McKay was still sleeping where he had laid down. The hobbled moosoids were tearing off branches about fifty meters away. She bent down and touched his shoulder, and he came up out of sleep like a trout leaping for a dragonfly.
"Don't ever do that again!" he said, scowling.
"Very well. We've got to eat breakfast and then check up on that tribe. Did you hear anything that might indicate they are up and about?"
"Nothing," he said sullenly.
But when they got to the edge of the woods, they saw no sign of the newcomers except for excrement and animal and fish bones. When they rode out onto the white sands, they caught sight, to their right, of the last of the caravan, tiny figures.
After waiting until the Amerinds were out of sight, they followed. Some time later, they came to another channel running out of the sea. This had to be the waterway they had first encountered, the opening of which had swept Kickaha away. It ran straight outwards from the great body of water between the increasingly higher banks of the slope leading up to the pass between the two mountains.
They urged their beasts into the channel and rode them as they swam across. On reaching the other side they had to slide down off, get onto the beach, and pull on the reins to help the moosoids onto the sand. The Amerinds were still not in view.
She looked up the slope. "I'm going up to the pass and take a look. Maybe he's out on the plain.''
"If he was trailing them," McKay said, "he would've been here by now. And gone by now, maybe."
"I know, but I'm going up there anyway."
She urged the moosoid up the slope. Twice, she looked back. The first time, M9Kay was sitting on his motionless gregg. The next time, he was coming along slowly.

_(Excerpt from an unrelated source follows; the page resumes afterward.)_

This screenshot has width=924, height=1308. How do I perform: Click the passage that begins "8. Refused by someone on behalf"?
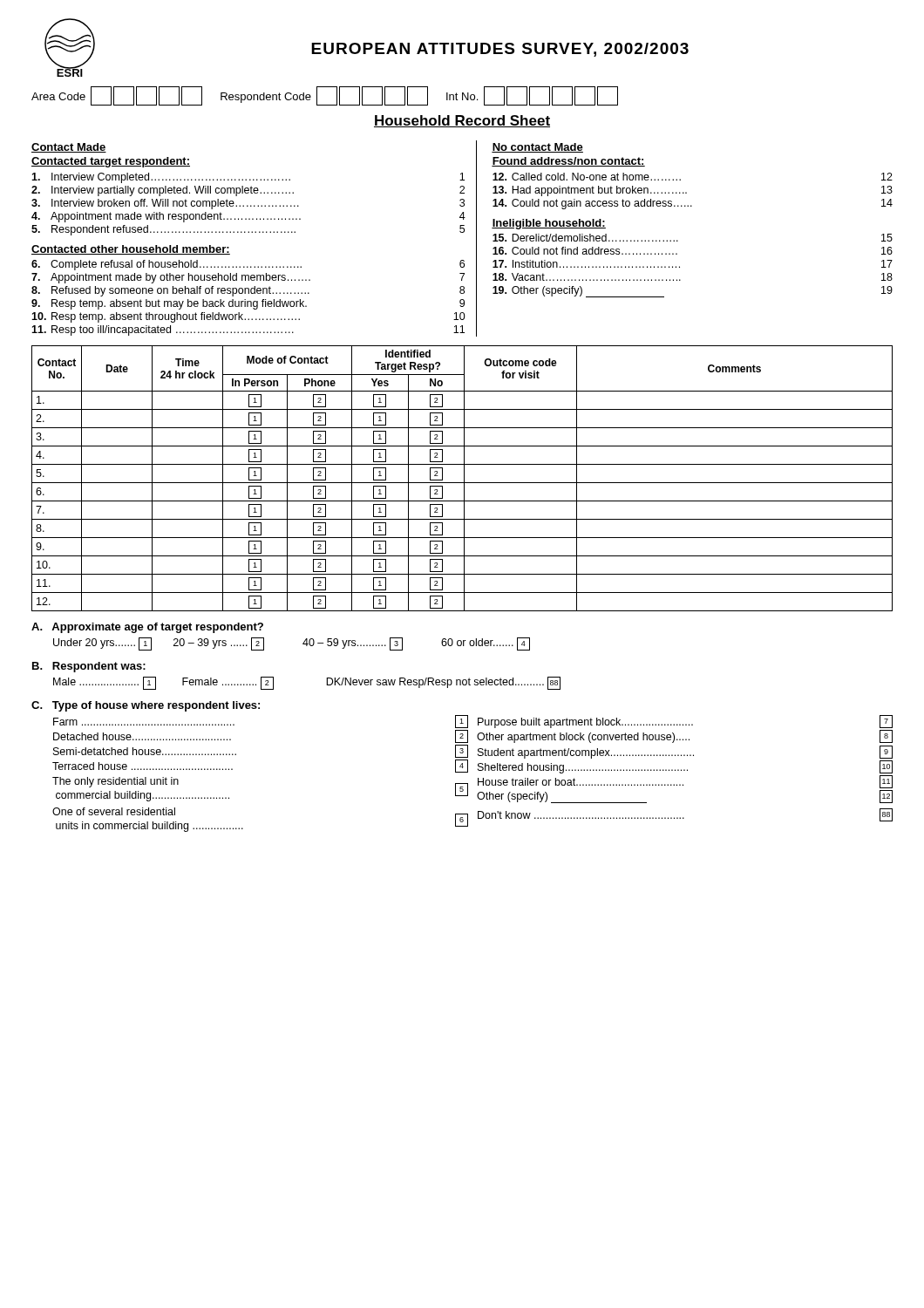(248, 290)
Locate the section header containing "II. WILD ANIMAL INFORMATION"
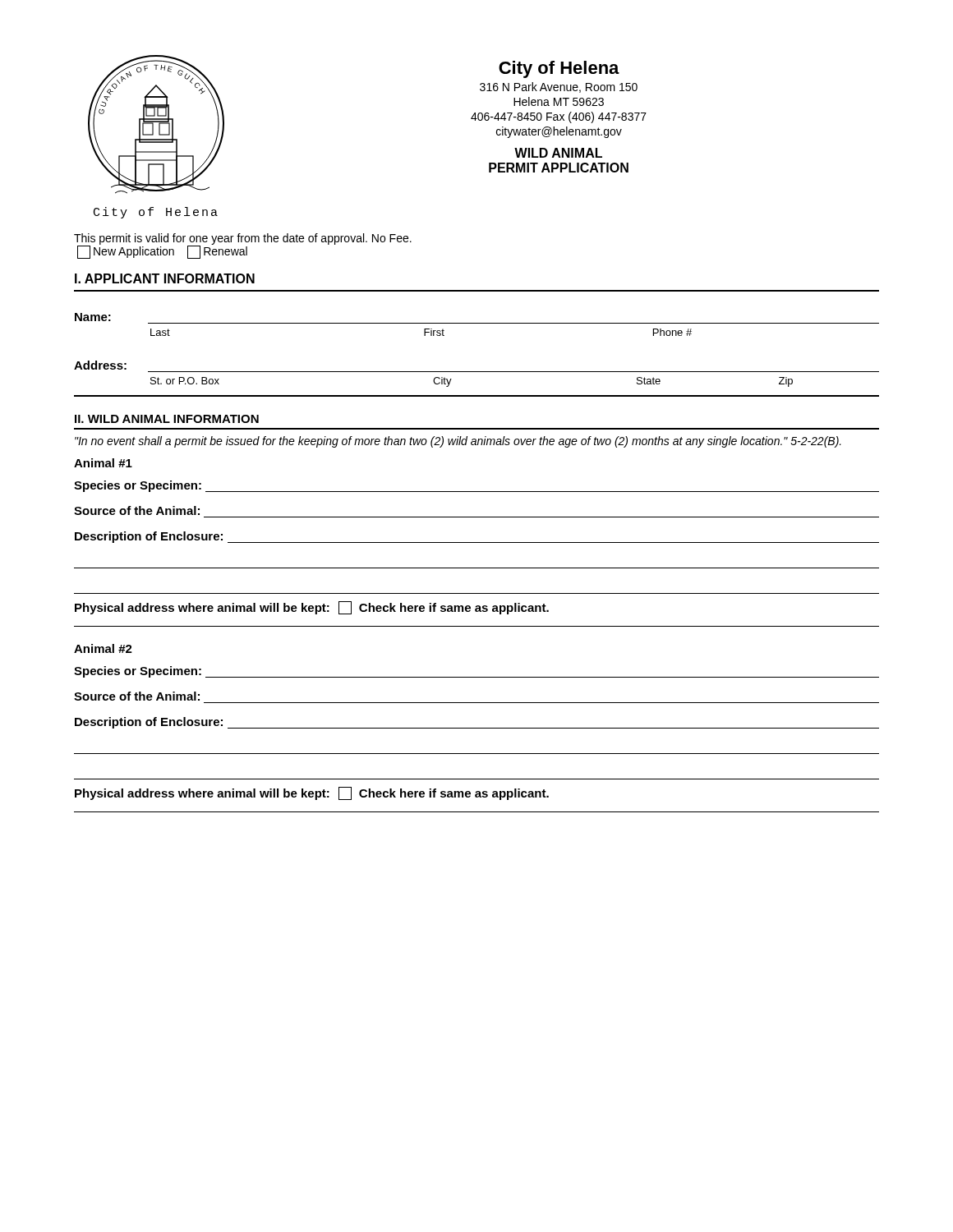Image resolution: width=953 pixels, height=1232 pixels. coord(167,419)
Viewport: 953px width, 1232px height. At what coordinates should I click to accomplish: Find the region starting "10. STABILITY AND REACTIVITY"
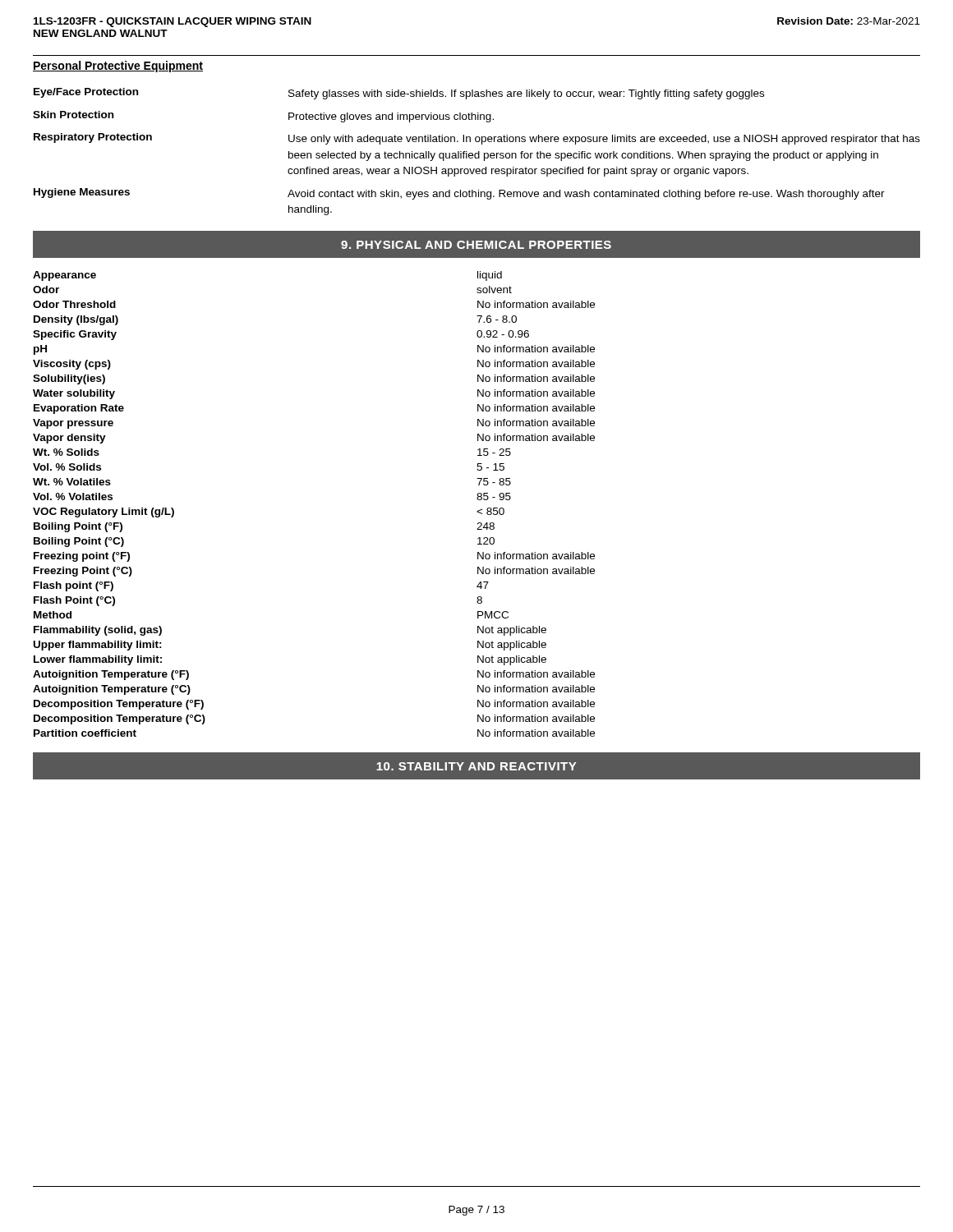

On reaching the top of the pass, she halted her beast. The plain had changed considerably. Though the channel was still surrounded by flat-land for a distance of about a hundred feet on each side, the ground beyond had sunk. The channel now ran through a ridge on both sides of which were very deep and broad hollows. These were about a mile wide. Mountains of all sizes and shapes had risen along its borders, thrusting up from the edges as if carved there. Even as she watched, one of the tops of the mushroom-shaped heights began breaking off at its edges. The huge pieces slid or rotated down the steep slope, some reaching the bottom where they fell into the depressions.
There were few animals along the channel, but these began trotting or running away when the first of the great chunks broke off of the mushroom peak.
On the other side of the mountains was a downward slope cut by the channel banks. On the side
on which she sat was a pile of bones, great and small, that extended down into the plain and far out.
Nowhere was any human being in sight.
Softly, she said, "Kickaha?"
It was hard to believe that he could be dead.
She turned and waved to McKay to halt. He did so, and she started her beast towards him. And then she felt the earth shaking around her. Her gregg stopped despite her commands to keep going, and it remained locked in position, though quivering. She got down off of it and tried to pull it by the reins, but it dug in, leaning its body back. She mounted again and waited.